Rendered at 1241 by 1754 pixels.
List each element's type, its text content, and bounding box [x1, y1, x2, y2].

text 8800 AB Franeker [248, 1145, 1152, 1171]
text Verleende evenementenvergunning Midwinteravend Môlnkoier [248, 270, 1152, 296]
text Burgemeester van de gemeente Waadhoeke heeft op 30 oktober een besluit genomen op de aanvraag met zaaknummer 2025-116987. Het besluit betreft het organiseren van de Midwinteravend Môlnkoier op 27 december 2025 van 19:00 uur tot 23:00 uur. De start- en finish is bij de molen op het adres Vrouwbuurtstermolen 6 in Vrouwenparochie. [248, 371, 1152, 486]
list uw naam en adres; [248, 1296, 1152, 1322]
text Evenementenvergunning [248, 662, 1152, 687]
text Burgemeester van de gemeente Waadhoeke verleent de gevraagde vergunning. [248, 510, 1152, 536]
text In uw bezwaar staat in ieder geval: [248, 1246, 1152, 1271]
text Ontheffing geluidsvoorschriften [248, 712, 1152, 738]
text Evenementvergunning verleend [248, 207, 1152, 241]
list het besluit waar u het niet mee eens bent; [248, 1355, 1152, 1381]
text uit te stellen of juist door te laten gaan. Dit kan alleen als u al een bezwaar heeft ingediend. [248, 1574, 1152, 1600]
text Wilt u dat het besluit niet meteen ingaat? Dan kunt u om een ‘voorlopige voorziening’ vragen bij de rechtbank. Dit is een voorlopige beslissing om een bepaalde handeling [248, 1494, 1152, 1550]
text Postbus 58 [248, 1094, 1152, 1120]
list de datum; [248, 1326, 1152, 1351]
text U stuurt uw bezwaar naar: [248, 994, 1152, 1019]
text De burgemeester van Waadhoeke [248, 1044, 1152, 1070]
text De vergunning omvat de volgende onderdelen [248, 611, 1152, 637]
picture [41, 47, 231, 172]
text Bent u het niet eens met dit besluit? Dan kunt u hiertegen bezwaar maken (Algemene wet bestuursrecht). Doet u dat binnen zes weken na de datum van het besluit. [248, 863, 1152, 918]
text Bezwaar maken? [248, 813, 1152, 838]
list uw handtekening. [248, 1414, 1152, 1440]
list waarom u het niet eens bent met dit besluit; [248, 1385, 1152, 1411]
--
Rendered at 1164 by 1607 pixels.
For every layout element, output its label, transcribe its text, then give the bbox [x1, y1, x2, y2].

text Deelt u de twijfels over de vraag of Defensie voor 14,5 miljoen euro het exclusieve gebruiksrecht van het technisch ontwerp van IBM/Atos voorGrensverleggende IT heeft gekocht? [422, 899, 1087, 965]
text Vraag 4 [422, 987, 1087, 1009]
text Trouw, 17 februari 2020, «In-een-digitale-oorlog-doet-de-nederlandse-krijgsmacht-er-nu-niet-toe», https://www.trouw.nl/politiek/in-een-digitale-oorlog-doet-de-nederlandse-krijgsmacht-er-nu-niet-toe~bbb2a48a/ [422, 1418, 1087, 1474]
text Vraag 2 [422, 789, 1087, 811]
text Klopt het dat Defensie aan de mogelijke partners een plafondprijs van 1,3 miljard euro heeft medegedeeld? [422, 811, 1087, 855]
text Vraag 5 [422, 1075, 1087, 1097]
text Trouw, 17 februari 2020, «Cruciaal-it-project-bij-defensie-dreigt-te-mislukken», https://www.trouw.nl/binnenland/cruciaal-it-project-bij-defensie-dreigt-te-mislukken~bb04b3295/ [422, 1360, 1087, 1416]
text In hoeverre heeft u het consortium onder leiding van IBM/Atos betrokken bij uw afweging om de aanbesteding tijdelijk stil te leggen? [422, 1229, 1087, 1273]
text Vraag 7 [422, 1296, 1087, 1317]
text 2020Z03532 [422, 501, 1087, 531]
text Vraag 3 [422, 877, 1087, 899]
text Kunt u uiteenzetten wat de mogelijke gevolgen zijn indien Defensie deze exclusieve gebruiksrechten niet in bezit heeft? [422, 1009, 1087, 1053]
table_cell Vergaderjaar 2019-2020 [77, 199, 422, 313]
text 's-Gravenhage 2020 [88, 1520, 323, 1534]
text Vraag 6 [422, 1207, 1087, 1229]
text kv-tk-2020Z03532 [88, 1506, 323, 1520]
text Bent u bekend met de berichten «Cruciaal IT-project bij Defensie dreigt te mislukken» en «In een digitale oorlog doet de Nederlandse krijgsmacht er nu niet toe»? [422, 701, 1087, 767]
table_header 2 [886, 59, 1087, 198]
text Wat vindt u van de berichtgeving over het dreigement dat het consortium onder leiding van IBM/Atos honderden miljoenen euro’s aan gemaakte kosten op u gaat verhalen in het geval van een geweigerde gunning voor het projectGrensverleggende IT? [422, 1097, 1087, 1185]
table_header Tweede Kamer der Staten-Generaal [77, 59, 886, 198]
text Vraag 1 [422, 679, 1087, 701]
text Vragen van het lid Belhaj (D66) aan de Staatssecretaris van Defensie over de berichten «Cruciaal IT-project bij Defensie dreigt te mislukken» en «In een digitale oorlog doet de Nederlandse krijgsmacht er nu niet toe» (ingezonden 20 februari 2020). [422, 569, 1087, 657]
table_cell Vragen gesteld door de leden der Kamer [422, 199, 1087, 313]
...
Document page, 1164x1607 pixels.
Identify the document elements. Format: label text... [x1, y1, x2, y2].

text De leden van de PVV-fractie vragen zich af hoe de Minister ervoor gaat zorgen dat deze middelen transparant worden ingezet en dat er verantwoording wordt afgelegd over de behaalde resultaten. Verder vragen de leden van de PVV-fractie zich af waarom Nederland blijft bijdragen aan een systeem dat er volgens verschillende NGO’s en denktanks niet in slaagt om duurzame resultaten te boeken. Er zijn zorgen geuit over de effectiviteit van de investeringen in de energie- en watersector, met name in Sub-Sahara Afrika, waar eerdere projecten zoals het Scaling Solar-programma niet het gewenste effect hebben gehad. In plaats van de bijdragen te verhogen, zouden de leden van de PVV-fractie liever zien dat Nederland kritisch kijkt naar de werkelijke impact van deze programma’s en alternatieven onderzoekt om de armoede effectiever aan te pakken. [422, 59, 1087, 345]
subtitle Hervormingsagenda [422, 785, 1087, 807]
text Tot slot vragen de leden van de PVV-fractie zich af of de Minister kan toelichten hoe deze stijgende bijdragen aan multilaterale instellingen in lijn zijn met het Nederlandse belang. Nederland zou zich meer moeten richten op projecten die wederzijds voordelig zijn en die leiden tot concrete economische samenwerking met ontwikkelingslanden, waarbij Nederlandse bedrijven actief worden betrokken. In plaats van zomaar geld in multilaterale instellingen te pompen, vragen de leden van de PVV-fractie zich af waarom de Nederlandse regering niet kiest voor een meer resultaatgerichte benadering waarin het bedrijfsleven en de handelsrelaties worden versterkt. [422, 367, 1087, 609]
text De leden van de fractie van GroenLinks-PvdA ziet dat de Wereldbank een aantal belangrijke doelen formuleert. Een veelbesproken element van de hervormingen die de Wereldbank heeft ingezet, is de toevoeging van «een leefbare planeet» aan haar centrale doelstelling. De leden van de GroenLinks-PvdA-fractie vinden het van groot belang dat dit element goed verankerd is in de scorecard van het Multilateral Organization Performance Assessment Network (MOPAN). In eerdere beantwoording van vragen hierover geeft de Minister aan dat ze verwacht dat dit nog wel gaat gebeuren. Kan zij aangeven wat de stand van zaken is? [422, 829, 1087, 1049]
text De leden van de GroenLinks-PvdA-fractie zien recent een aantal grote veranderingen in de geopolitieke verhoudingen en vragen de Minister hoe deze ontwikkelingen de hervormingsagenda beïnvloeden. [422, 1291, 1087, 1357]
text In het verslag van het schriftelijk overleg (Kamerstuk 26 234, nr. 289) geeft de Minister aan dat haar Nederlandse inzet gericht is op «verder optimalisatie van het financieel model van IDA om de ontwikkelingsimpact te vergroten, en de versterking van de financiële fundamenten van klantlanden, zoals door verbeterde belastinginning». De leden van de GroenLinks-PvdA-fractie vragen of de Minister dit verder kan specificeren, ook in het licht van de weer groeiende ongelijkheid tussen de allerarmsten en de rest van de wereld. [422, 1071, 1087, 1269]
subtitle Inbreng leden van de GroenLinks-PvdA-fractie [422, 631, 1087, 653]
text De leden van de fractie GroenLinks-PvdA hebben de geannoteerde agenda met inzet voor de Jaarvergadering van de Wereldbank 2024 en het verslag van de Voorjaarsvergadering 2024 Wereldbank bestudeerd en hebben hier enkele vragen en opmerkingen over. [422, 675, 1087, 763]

[Your instructions]
Find the line with "text Postbus 58 [248, 1094, 1152, 1120]" in the entries above. Retype it and each line after it, exactly, through the line with "list waarom u", and stop there.

[Response box]
text Postbus 58 [248, 1094, 1152, 1120]
list de datum; [248, 1326, 1152, 1351]
text U stuurt uw bezwaar naar: [248, 994, 1152, 1019]
text De burgemeester van Waadhoeke [248, 1044, 1152, 1070]
text De vergunning omvat de volgende onderdelen [248, 611, 1152, 637]
picture [41, 47, 231, 172]
text Bent u het niet eens met dit besluit? Dan kunt u hiertegen bezwaar maken (Algemene wet bestuursrecht). Doet u dat binnen zes weken na de datum van het besluit. [248, 863, 1152, 918]
text Bezwaar maken? [248, 813, 1152, 838]
list uw handtekening. [248, 1414, 1152, 1440]
list waarom u het niet eens bent met dit besluit; [248, 1385, 1152, 1411]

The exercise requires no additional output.